```{contents}
```
## Autoencoders and Variational Autoencoders (VAE)

Both belong to the **Generative AI** family, designed to **learn compact, meaningful representations (latent space)** of input data and reconstruct it — often leading to powerful generative abilities.

---

### Autoencoders (AE)

#### Core Intuition

An **Autoencoder** learns to **compress** data (encode) into a small internal representation and then **rebuild** (decode) the original data from that compressed form.
It captures the **most important features** of the input — removing redundancy and noise.

Think of it as:

> “Learning to copy the input efficiently through a bottleneck.”

---

#### Architecture

An Autoencoder has three main components:

```
Input  →  Encoder  →  Latent Space  →  Decoder  →  Output
   x         ↓             z             ↓          x̂
```

* **Encoder:**
  A neural network that compresses input $x$ into a smaller latent vector $z$.
  Mathematically:
  $$
  z = f_\theta(x)
  $$

* **Latent Space:**
  A compressed “information capsule” representing key features of $x$.

* **Decoder:**
  Another neural network that reconstructs data from $z$.
  $$
  \hat{x} = g_\phi(z)
  $$

* **Objective:**
  Minimize **Reconstruction Loss**:
  $$
  L = |x - \hat{x}|^2
  $$
  (often Mean Squared Error or Cross-Entropy)

---

### Intuition in Simple Terms

Imagine giving an artist a photo and asking them to draw it from memory.

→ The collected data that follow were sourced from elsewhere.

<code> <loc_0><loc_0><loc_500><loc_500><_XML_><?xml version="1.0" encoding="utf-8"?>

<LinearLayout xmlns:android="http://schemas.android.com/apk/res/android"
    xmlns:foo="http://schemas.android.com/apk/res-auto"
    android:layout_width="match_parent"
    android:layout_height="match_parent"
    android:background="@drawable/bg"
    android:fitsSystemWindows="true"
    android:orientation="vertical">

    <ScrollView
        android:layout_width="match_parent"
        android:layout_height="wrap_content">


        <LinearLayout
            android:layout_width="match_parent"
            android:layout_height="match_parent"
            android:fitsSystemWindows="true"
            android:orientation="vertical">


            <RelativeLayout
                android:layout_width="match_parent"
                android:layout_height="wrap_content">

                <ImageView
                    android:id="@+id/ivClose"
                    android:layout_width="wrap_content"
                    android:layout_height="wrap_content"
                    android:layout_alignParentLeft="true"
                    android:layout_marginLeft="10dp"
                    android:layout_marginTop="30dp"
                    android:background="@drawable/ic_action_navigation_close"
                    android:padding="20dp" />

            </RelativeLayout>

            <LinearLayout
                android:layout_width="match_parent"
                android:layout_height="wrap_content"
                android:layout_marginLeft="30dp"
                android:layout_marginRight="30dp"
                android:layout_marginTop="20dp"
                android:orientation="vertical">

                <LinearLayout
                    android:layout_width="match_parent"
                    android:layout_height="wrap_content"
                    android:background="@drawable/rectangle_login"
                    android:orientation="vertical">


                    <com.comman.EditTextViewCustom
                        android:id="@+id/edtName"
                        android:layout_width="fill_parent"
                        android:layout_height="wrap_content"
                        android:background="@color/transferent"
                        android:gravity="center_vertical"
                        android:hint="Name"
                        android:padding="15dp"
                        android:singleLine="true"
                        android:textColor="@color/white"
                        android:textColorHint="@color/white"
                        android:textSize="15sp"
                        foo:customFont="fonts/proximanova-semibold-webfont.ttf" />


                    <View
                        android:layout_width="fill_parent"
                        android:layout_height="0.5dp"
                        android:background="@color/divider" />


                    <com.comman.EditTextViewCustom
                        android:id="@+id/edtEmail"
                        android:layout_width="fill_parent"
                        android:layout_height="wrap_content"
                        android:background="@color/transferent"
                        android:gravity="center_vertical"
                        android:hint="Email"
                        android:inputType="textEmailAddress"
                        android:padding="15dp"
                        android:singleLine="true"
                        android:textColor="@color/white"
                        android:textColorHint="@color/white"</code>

* The **encoder** is like how their brain stores only key features (shape, color, structure).
* The **decoder** is their hand drawing it again — not pixel-perfect, but close.

---

#### Applications

* **Denoising:** Remove noise from corrupted images.
* **Dimensionality reduction:** Alternative to PCA for nonlinear data.
* **Anomaly detection:** Large reconstruction error = anomaly.
* **Image compression / feature extraction.**

---

### Variational Autoencoder (VAE)

#### Motivation

Standard autoencoders learn **a fixed deterministic mapping**: each input → one latent code.
→ That’s **not ideal for generating new data** — there’s no smooth “latent space” to sample from.

#### VAE Solution

VAEs make the latent space **probabilistic**, not deterministic.

---

#### Architecture Overview

Still has **encoder → latent space → decoder**, but with probabilistic modeling:

```
Input x → Encoder → (μ, σ) → z ~ N(μ, σ²) → Decoder → x̂
```

* **Encoder:**
  Instead of producing a single latent vector, it outputs two:

  * Mean vector $\mu(x)$
  * Standard deviation vector $\sigma(x)$

  These define a **Gaussian distribution** in latent space:
  $$
  z \sim \mathcal{N}(\mu, \sigma^2)
  $$

* **Reparameterization Trick:**
  To make sampling differentiable for backpropagation:
  $$
  z = \mu + \sigma \odot \epsilon,\quad \epsilon \sim \mathcal{N}(0, I)
  $$

* **Decoder:**
  Generates new samples $\hat{x} = g_\phi(z)$.

---

#### Loss Function

VAE balances two goals:

1. **Reconstruction Loss:** Rebuild input accurately.
   $$
   L_{recon} = |x - \hat{x}|^2
   $$
2. **KL Divergence Loss:** Make latent distribution $q(z|x)$ close to a standard Gaussian $p(z)$:
   $$
   L_{KL} = D_{KL}(q(z|x) | p(z))
   $$

**Total Loss:**
$$
L = L_{recon} + \beta L_{KL}
$$
(β is a scaling factor in β-VAE)

---

#### Intuition

* The **encoder** learns a distribution, not a fixed point.
* Sampling from this smooth latent space allows you to **generate new, realistic data**.
* Points close in latent space correspond to **semantically similar samples**.

---

#### Applications

* **Image generation:** Produce realistic new faces, objects, or digits.
* **Data compression:** Learn meaningful latent representations.
* **Anomaly detection:** Outliers have high reconstruction + KL loss.
* **Latent space arithmetic:**
  E.g., “smiling face” − “neutral face” + “male” = “smiling male face”.

---

#### Comparison: Autoencoder vs VAE

| Feature            | Autoencoder            | Variational Autoencoder             |
| ------------------ | ---------------------- | ----------------------------------- |
| Latent Space       | Deterministic          | Probabilistic                       |
| Output             | Reconstructed input    | Reconstructed + Generative          |
| Generative Ability | Poor                   | Excellent                           |
| Loss Function      | MSE / Cross-Entropy    | Reconstruction + KL Divergence      |
| Use Case           | Compression, denoising | Generation, representation learning |

---

#### Example (MNIST)

* Input: Handwritten digit image (28×28)
* Encoder: Compresses to latent vector (say 2D)
* Decoder: Reconstructs digit
* In VAE, you can sample random latent vectors → generate **new digits** never seen before.